=== Work instructions ===
Reproduce exactly, and only, the lines below from the one containing "HFOV = 69.8 degrees." through the one containing "#1 container (339,0,556,159)".

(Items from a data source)
--*--
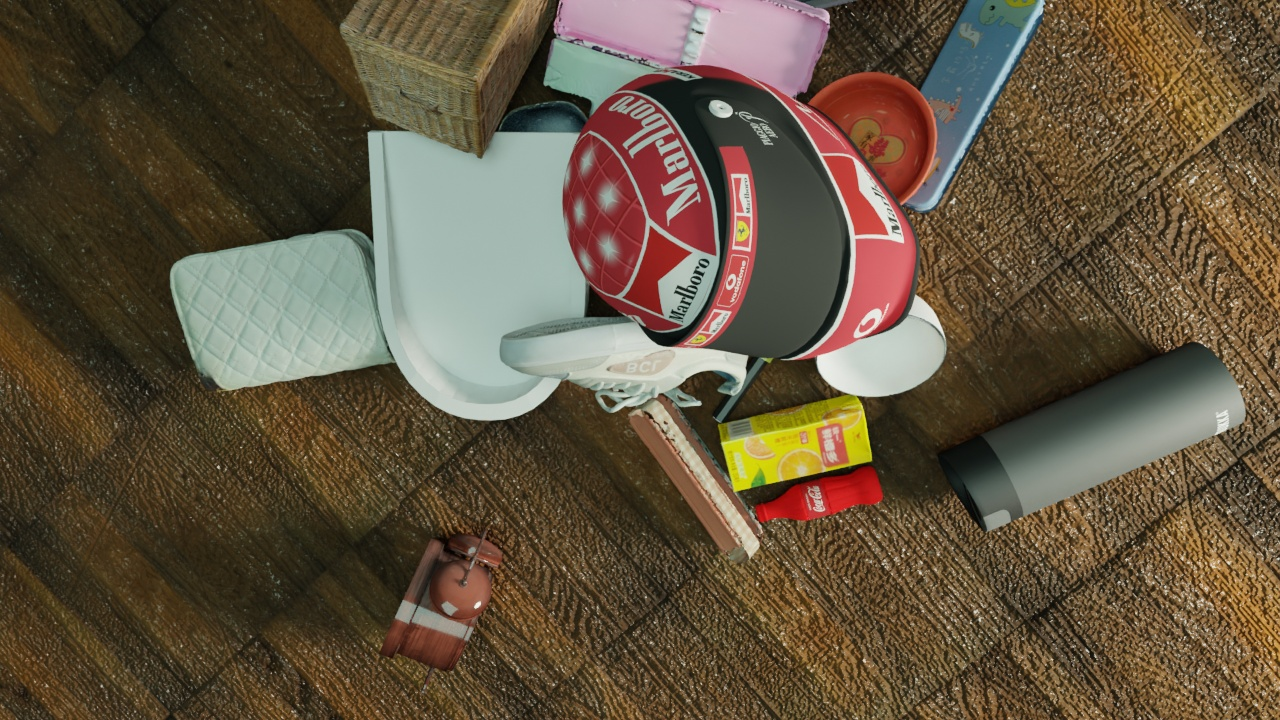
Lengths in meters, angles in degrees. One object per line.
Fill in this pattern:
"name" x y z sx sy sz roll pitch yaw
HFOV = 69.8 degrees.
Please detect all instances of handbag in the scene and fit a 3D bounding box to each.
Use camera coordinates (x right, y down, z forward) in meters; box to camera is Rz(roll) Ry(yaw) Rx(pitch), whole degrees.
"handbag" -0.336 -0.049 0.880 0.195 0.072 0.139 -8 106 5

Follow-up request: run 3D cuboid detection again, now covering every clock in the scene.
"clock" -0.188 0.228 0.885 0.072 0.120 0.158 25 108 -7

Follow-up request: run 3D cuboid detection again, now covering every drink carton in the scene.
"drink carton" 0.146 0.077 0.868 0.135 0.042 0.058 -14 113 6

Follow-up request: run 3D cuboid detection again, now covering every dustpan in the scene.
"dustpan" -0.145 -0.073 0.834 0.191 0.053 0.258 1 114 3

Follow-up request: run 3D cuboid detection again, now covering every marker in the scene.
"marker" 0.111 0.008 0.877 0.021 0.017 0.124 34 101 0

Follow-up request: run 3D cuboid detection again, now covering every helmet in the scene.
"helmet" 0.056 -0.115 0.730 0.224 0.270 0.198 -9 142 -31

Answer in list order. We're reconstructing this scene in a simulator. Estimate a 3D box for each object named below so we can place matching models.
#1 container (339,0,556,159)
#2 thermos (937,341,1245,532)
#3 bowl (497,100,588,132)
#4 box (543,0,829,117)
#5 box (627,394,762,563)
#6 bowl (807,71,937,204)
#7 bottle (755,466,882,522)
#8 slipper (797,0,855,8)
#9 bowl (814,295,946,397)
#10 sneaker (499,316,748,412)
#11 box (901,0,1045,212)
"container" -0.149 -0.285 0.769 0.114 0.113 0.198 21 66 2
"thermos" 0.401 0.071 0.829 0.240 0.082 0.082 -26 95 8
"bowl" -0.080 -0.185 0.840 0.110 0.055 0.110 1 114 3
"box" 0.034 -0.262 0.817 0.230 0.035 0.160 16 126 -2
"box" 0.056 0.112 0.893 0.056 0.063 0.188 -27 100 44
"bowl" 0.200 -0.184 0.814 0.131 0.045 0.130 -1 87 29
"bottle" 0.170 0.133 0.881 0.119 0.036 0.036 -16 97 7
"slipper" 0.175 -0.363 0.794 0.269 0.083 0.111 -15 108 24
"bowl" 0.213 -0.025 0.829 0.113 0.063 0.114 2 139 2
"sneaker" -0.005 0.005 0.812 0.241 0.090 0.091 -7 100 -27
"box" 0.280 -0.234 0.808 0.068 0.059 0.210 28 99 3
--*--
=== Answer box ===
HFOV = 69.8 degrees.
Please detect all instances of handbag in the scene and fit a 3D bounding box to each.
Use camera coordinates (x right, y down, z forward) in meters; box to camera is Rz(roll) Ry(yaw) Rx(pitch), whole degrees.
"handbag" -0.336 -0.049 0.880 0.195 0.072 0.139 -8 106 5

Follow-up request: run 3D cuboid detection again, now covering every clock in the scene.
"clock" -0.188 0.228 0.885 0.072 0.120 0.158 25 108 -7

Follow-up request: run 3D cuboid detection again, now covering every drink carton in the scene.
"drink carton" 0.146 0.077 0.868 0.135 0.042 0.058 -14 113 6

Follow-up request: run 3D cuboid detection again, now covering every dustpan in the scene.
"dustpan" -0.145 -0.073 0.834 0.191 0.053 0.258 1 114 3

Follow-up request: run 3D cuboid detection again, now covering every marker in the scene.
"marker" 0.111 0.008 0.877 0.021 0.017 0.124 34 101 0

Follow-up request: run 3D cuboid detection again, now covering every helmet in the scene.
"helmet" 0.056 -0.115 0.730 0.224 0.270 0.198 -9 142 -31

Answer in list order. We're reconstructing this scene in a simulator. Estimate a 3D box for each object named below so we can place matching models.
#1 container (339,0,556,159)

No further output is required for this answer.